=== What you are asked to do ===
Every record that follows should be written out word for word; the pictures stay out.

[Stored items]
========================================
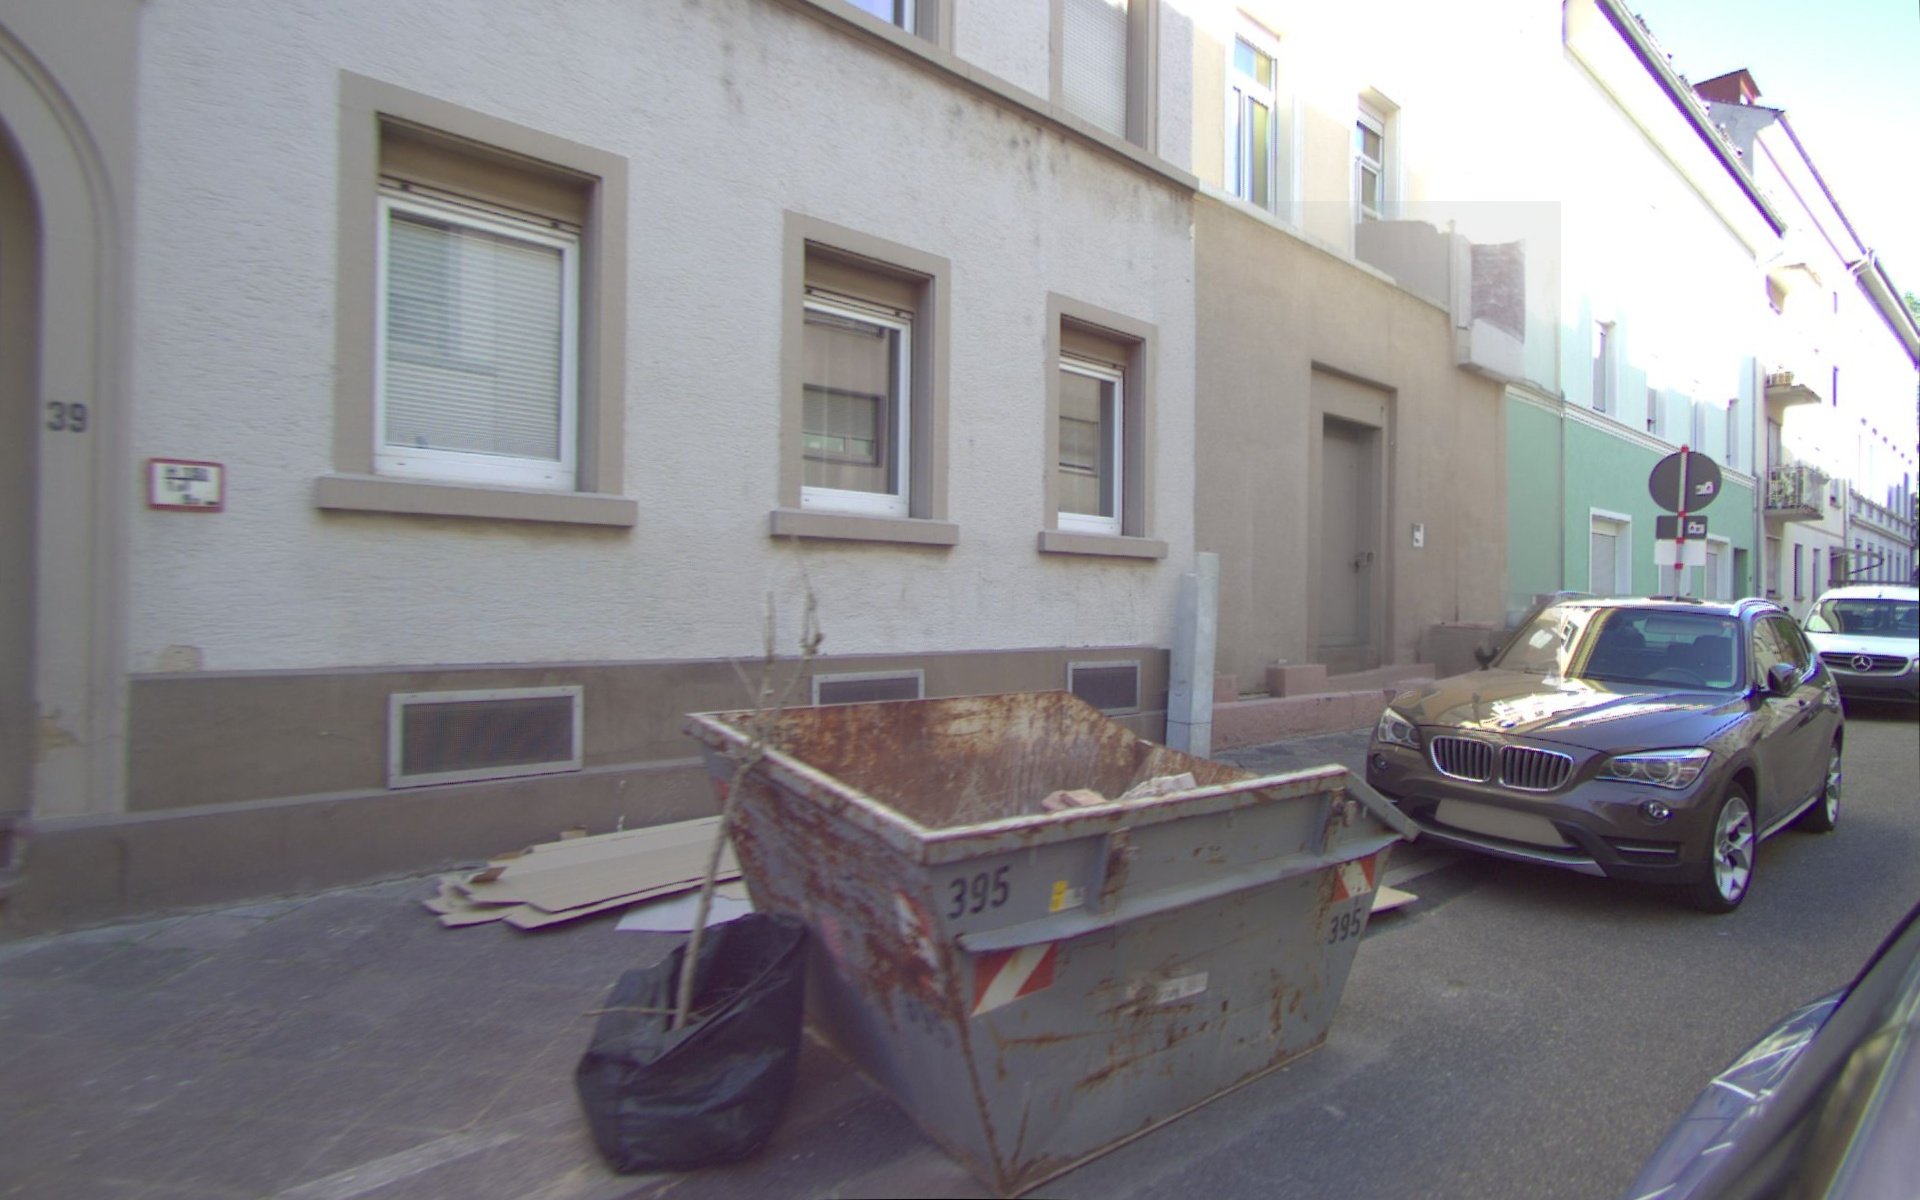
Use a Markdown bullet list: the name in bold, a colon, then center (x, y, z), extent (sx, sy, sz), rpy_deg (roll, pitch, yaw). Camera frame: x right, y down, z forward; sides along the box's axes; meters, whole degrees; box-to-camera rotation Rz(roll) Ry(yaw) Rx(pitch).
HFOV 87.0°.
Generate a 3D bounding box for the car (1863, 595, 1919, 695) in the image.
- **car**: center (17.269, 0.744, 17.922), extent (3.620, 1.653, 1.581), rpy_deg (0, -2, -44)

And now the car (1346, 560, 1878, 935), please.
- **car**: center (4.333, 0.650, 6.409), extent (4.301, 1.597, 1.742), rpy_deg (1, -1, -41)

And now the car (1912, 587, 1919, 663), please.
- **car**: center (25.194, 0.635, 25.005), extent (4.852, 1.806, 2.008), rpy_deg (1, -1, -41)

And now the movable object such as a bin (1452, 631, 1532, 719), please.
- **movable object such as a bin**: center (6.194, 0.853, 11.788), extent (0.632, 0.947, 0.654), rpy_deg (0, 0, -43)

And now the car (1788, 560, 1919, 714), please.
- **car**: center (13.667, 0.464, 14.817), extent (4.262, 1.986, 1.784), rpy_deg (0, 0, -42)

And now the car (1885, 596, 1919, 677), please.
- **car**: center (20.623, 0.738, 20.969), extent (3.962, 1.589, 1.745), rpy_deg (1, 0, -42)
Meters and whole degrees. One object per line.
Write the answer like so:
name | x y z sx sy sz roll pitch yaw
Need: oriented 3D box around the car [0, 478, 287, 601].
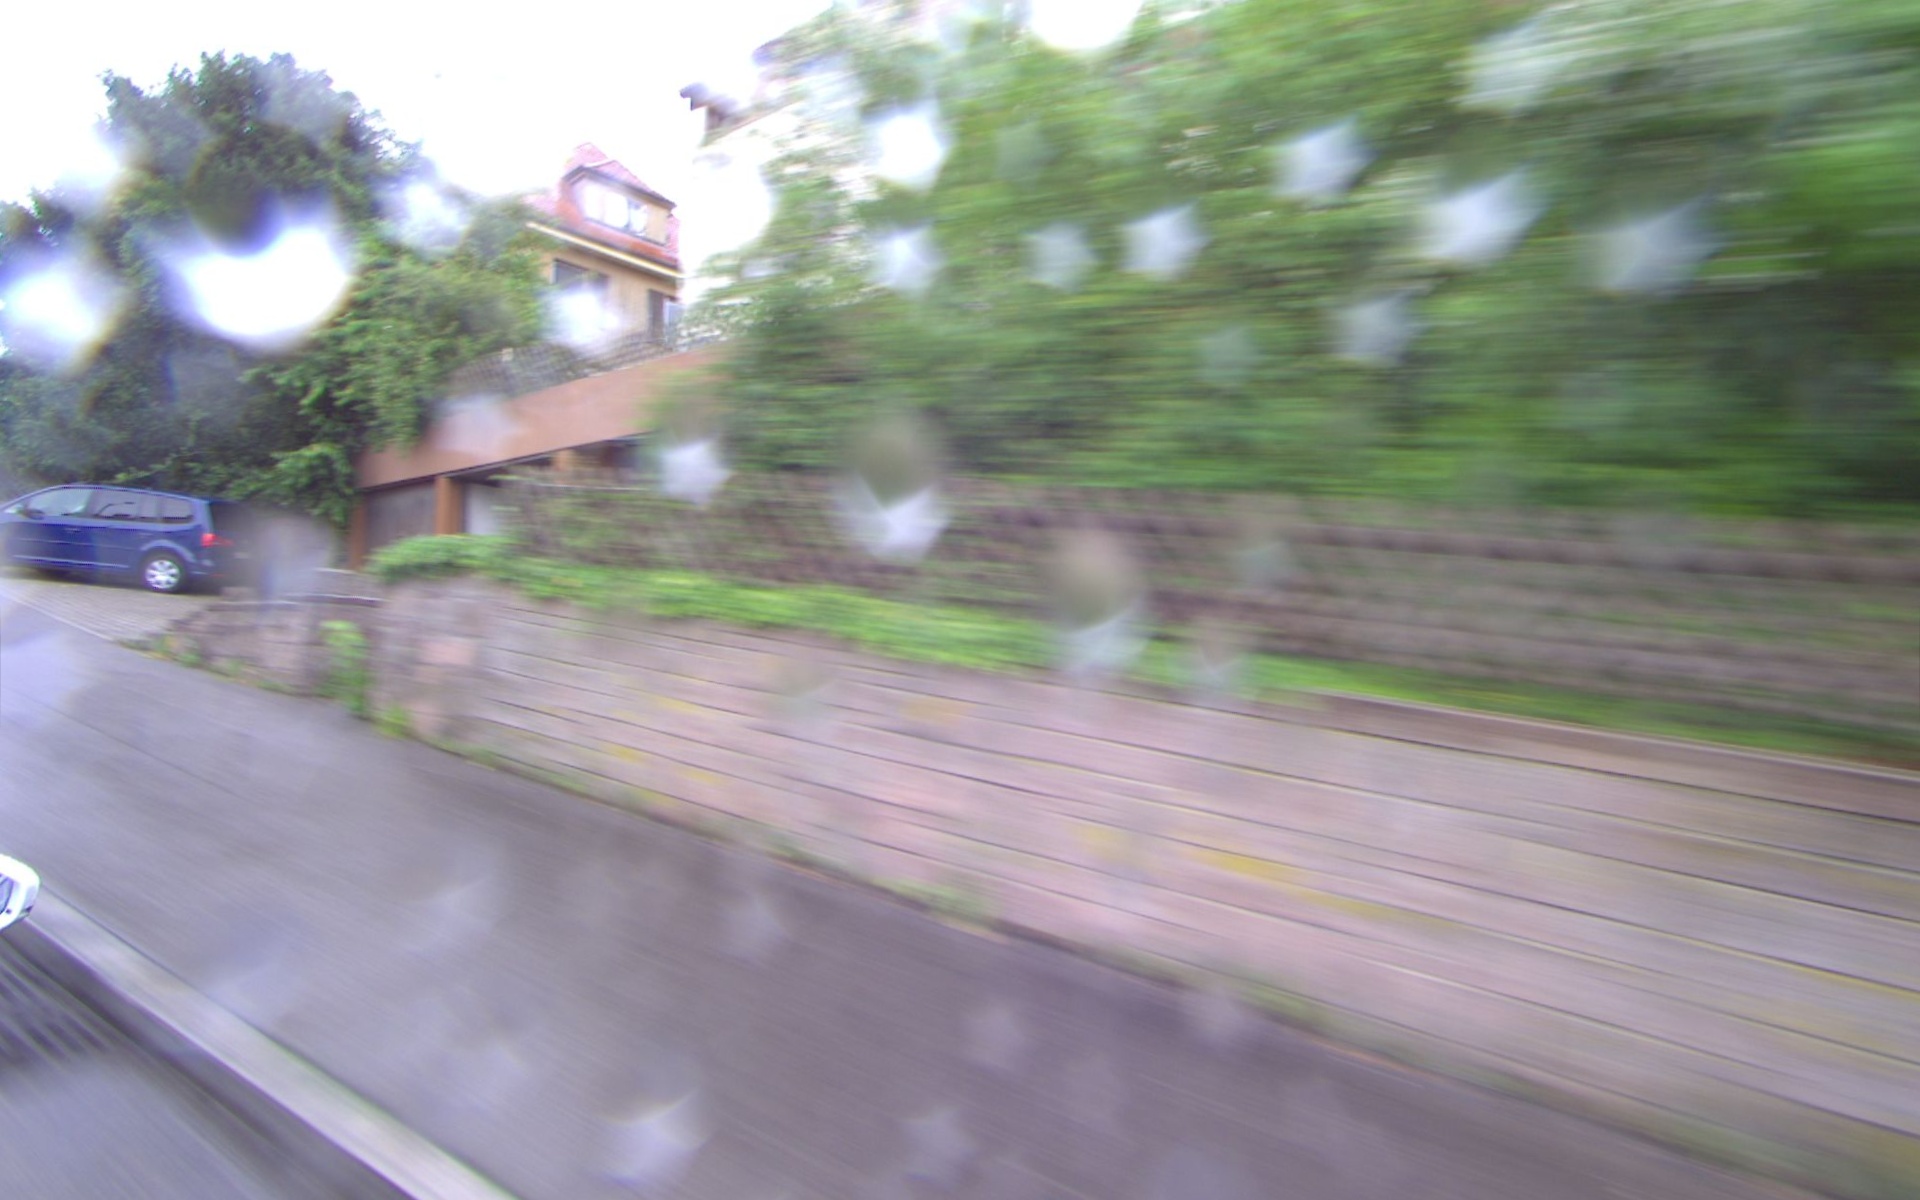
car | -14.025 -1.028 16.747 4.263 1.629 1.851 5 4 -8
========================================
=== Written reply ===
Use a Markdown bullet list: the name in bold, a colon, then center (x, y, z), extent (sx, sy, sz), rpy_deg (roll, pitch, yaw). Camera frame: x right, y down, z forward; sides along the box's axes; meters, whole degrees; box-to-camera rotation Rz(roll) Ry(yaw) Rx(pitch).
HFOV 87.0°.
Generate a 3D bounding box for the car (1863, 595, 1919, 695) in the image.
- **car**: center (17.269, 0.744, 17.922), extent (3.620, 1.653, 1.581), rpy_deg (0, -2, -44)

And now the car (1346, 560, 1878, 935), please.
- **car**: center (4.333, 0.650, 6.409), extent (4.301, 1.597, 1.742), rpy_deg (1, -1, -41)

And now the car (1912, 587, 1919, 663), please.
- **car**: center (25.194, 0.635, 25.005), extent (4.852, 1.806, 2.008), rpy_deg (1, -1, -41)

And now the movable object such as a bin (1452, 631, 1532, 719), please.
- **movable object such as a bin**: center (6.194, 0.853, 11.788), extent (0.632, 0.947, 0.654), rpy_deg (0, 0, -43)

And now the car (1788, 560, 1919, 714), please.
- **car**: center (13.667, 0.464, 14.817), extent (4.262, 1.986, 1.784), rpy_deg (0, 0, -42)

And now the car (1885, 596, 1919, 677), please.
- **car**: center (20.623, 0.738, 20.969), extent (3.962, 1.589, 1.745), rpy_deg (1, 0, -42)
Meters and whole degrees. One object per line.
Write the answer like so:
name | x y z sx sy sz roll pitch yaw
Need: oriented 3D box around the car [0, 478, 287, 601].
car | -14.025 -1.028 16.747 4.263 1.629 1.851 5 4 -8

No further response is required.